In a lakehouse architecture, a catalog has a very concrete technical role: it maps a table name to the current metadata pointer for that table, so an engine can find the right Iceberg manifest, Delta transaction log, or DuckLake database entry to read. Common catalog implementations include the Iceberg REST catalog specification, AWS Glue Data Catalog, Hive Metastore (which predates and heavily influenced the others), and Databricks' Unity Catalog.

Beyond table resolution

Enterprise data catalogs (like Alation or Collibra) go further, layering in business glossaries, data quality metrics, access controls, and search across data warehouses, lakes, BI tools, and dashboards — helping analysts find "the right" table among many similarly named ones.

Catalogs and DuckDB

DuckDB can attach to lakehouse catalogs to resolve and query tables managed by other engines. For Iceberg, this means attaching a REST catalog directly:

Copy code

INSTALL iceberg; LOAD iceberg; ATTACH 'my_warehouse' AS my_iceberg ( TYPE iceberg, ENDPOINT 'https://catalog.example.com' ); SELECT * FROM my_iceberg.sales.orders;

MotherDuck also functions as a catalog and query layer of its own — databases and schemas shared through MotherDuck act as a discoverable catalog of tables that any attached DuckDB client can query.

Related terms

FAQS

A database stores actual data. A data catalog stores metadata about data — schemas, locations, ownership, and lineage — so people and query engines can find and resolve real tables without directly browsing storage.
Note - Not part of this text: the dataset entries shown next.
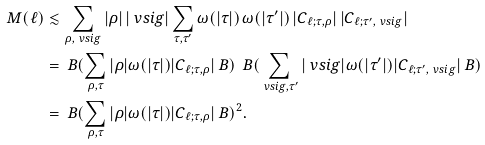Convert formula to latex. <formula><loc_0><loc_0><loc_500><loc_500>M ( \ell ) & \lesssim \sum _ { \rho , \ v s i g } | \rho | \, | \ v s i g | \sum _ { \tau , \tau ^ { \prime } } \omega ( | \tau | ) \, \omega ( | \tau ^ { \prime } | ) \, | C _ { \ell ; \tau , \rho } | \, | C _ { \ell ; \tau ^ { \prime } , \ v s i g } | \\ & = \ B ( \sum _ { \rho , \tau } | \rho | \omega ( | \tau | ) | C _ { \ell ; \tau , \rho } | \ B ) \, \ B ( \sum _ { \ v s i g , \tau ^ { \prime } } | \ v s i g | \omega ( | \tau ^ { \prime } | ) | C _ { \ell ; \tau ^ { \prime } , \ v s i g } | \ B ) \\ & = \ B ( \sum _ { \rho , \tau } | \rho | \omega ( | \tau | ) | C _ { \ell ; \tau , \rho } | \ B ) ^ { 2 } .</formula> 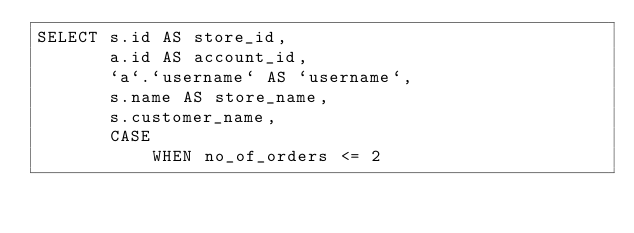<code> <loc_0><loc_0><loc_500><loc_500><_SQL_>SELECT s.id AS store_id,
       a.id AS account_id,
       `a`.`username` AS `username`,
       s.name AS store_name,
       s.customer_name,
       CASE
           WHEN no_of_orders <= 2</code> 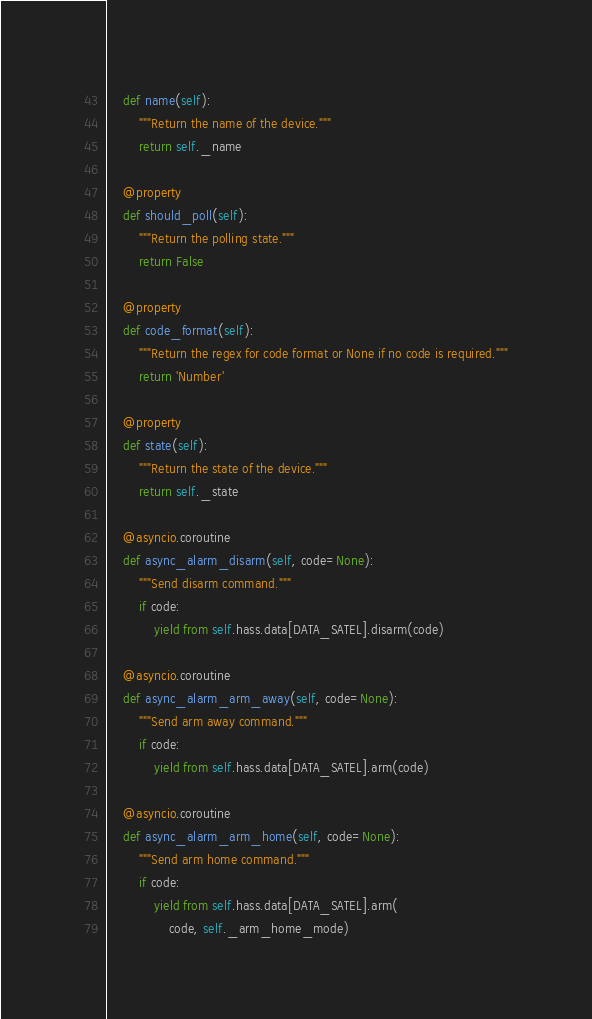Convert code to text. <code><loc_0><loc_0><loc_500><loc_500><_Python_>    def name(self):
        """Return the name of the device."""
        return self._name

    @property
    def should_poll(self):
        """Return the polling state."""
        return False

    @property
    def code_format(self):
        """Return the regex for code format or None if no code is required."""
        return 'Number'

    @property
    def state(self):
        """Return the state of the device."""
        return self._state

    @asyncio.coroutine
    def async_alarm_disarm(self, code=None):
        """Send disarm command."""
        if code:
            yield from self.hass.data[DATA_SATEL].disarm(code)

    @asyncio.coroutine
    def async_alarm_arm_away(self, code=None):
        """Send arm away command."""
        if code:
            yield from self.hass.data[DATA_SATEL].arm(code)

    @asyncio.coroutine
    def async_alarm_arm_home(self, code=None):
        """Send arm home command."""
        if code:
            yield from self.hass.data[DATA_SATEL].arm(
                code, self._arm_home_mode)</code> 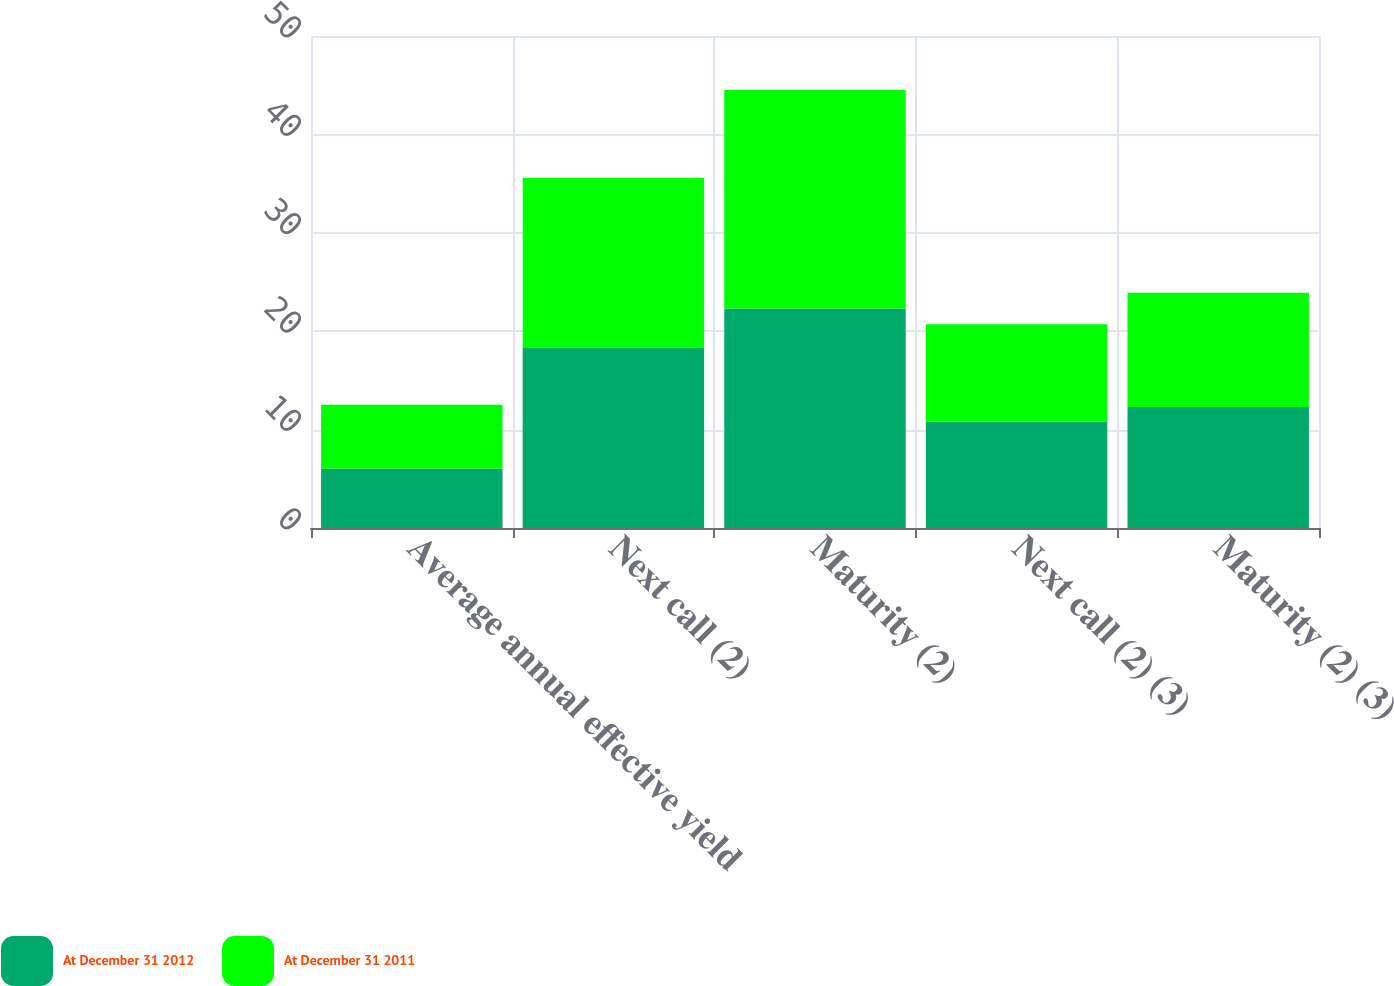<chart> <loc_0><loc_0><loc_500><loc_500><stacked_bar_chart><ecel><fcel>Average annual effective yield<fcel>Next call (2)<fcel>Maturity (2)<fcel>Next call (2) (3)<fcel>Maturity (2) (3)<nl><fcel>At December 31 2012<fcel>6.04<fcel>18.3<fcel>22.3<fcel>10.8<fcel>12.3<nl><fcel>At December 31 2011<fcel>6.49<fcel>17.3<fcel>22.2<fcel>9.9<fcel>11.6<nl></chart>

A catalog maps a table name to its current metadata pointer (an Iceberg manifest list, a Delta transaction log location, or a DuckLake database), which is how a query engine finds the right version of a table to read without listing storage directly.

Yes. DuckDB's iceberg extension can attach to Iceberg REST catalogs (or Glue, Hive Metastore-compatible catalogs) with ATTACH ... (TYPE iceberg), letting it resolve and query tables managed by other engines through the same catalog.